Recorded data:
####################

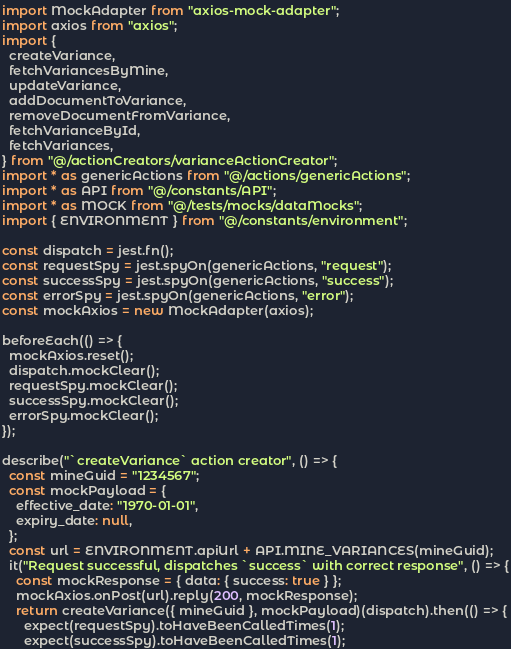<code> <loc_0><loc_0><loc_500><loc_500><_JavaScript_>import MockAdapter from "axios-mock-adapter";
import axios from "axios";
import {
  createVariance,
  fetchVariancesByMine,
  updateVariance,
  addDocumentToVariance,
  removeDocumentFromVariance,
  fetchVarianceById,
  fetchVariances,
} from "@/actionCreators/varianceActionCreator";
import * as genericActions from "@/actions/genericActions";
import * as API from "@/constants/API";
import * as MOCK from "@/tests/mocks/dataMocks";
import { ENVIRONMENT } from "@/constants/environment";

const dispatch = jest.fn();
const requestSpy = jest.spyOn(genericActions, "request");
const successSpy = jest.spyOn(genericActions, "success");
const errorSpy = jest.spyOn(genericActions, "error");
const mockAxios = new MockAdapter(axios);

beforeEach(() => {
  mockAxios.reset();
  dispatch.mockClear();
  requestSpy.mockClear();
  successSpy.mockClear();
  errorSpy.mockClear();
});

describe("`createVariance` action creator", () => {
  const mineGuid = "1234567";
  const mockPayload = {
    effective_date: "1970-01-01",
    expiry_date: null,
  };
  const url = ENVIRONMENT.apiUrl + API.MINE_VARIANCES(mineGuid);
  it("Request successful, dispatches `success` with correct response", () => {
    const mockResponse = { data: { success: true } };
    mockAxios.onPost(url).reply(200, mockResponse);
    return createVariance({ mineGuid }, mockPayload)(dispatch).then(() => {
      expect(requestSpy).toHaveBeenCalledTimes(1);
      expect(successSpy).toHaveBeenCalledTimes(1);</code> 
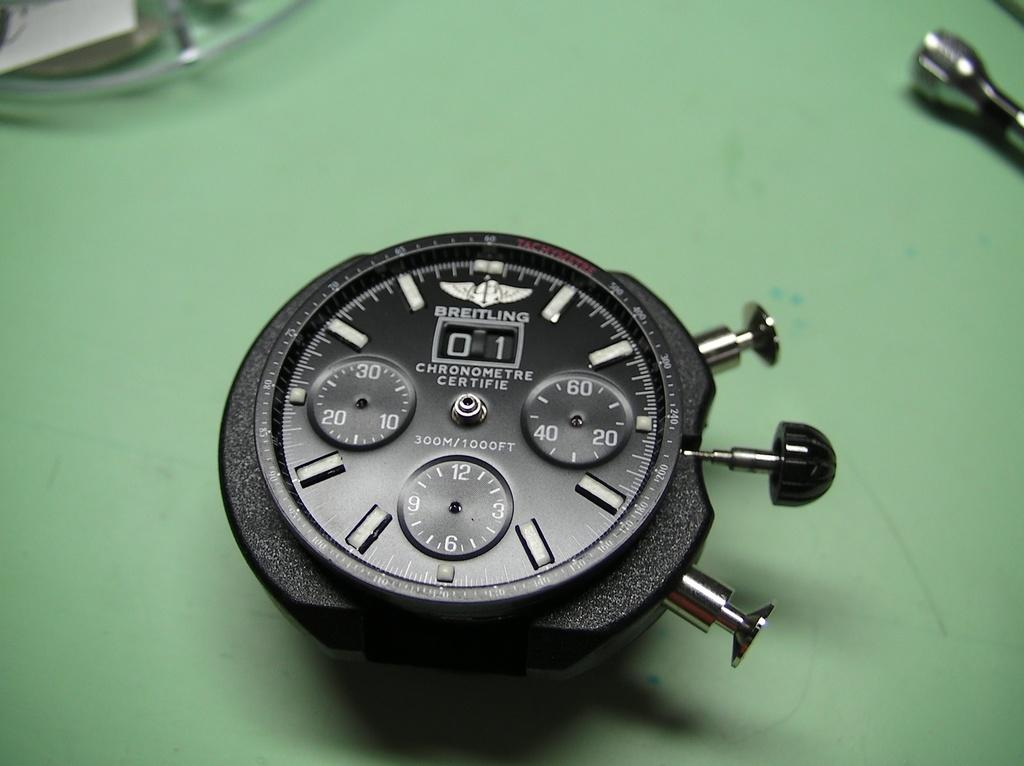<image>
Present a compact description of the photo's key features. A Breitling watch face contains three small dials and a date indicator.

####################

> [Instructions to follow] Look through the records and copy down every line that holds "jest".

> [Result for this task]
const dispatch = jest.fn();
const requestSpy = jest.spyOn(genericActions, "request");
const successSpy = jest.spyOn(genericActions, "success");
const errorSpy = jest.spyOn(genericActions, "error");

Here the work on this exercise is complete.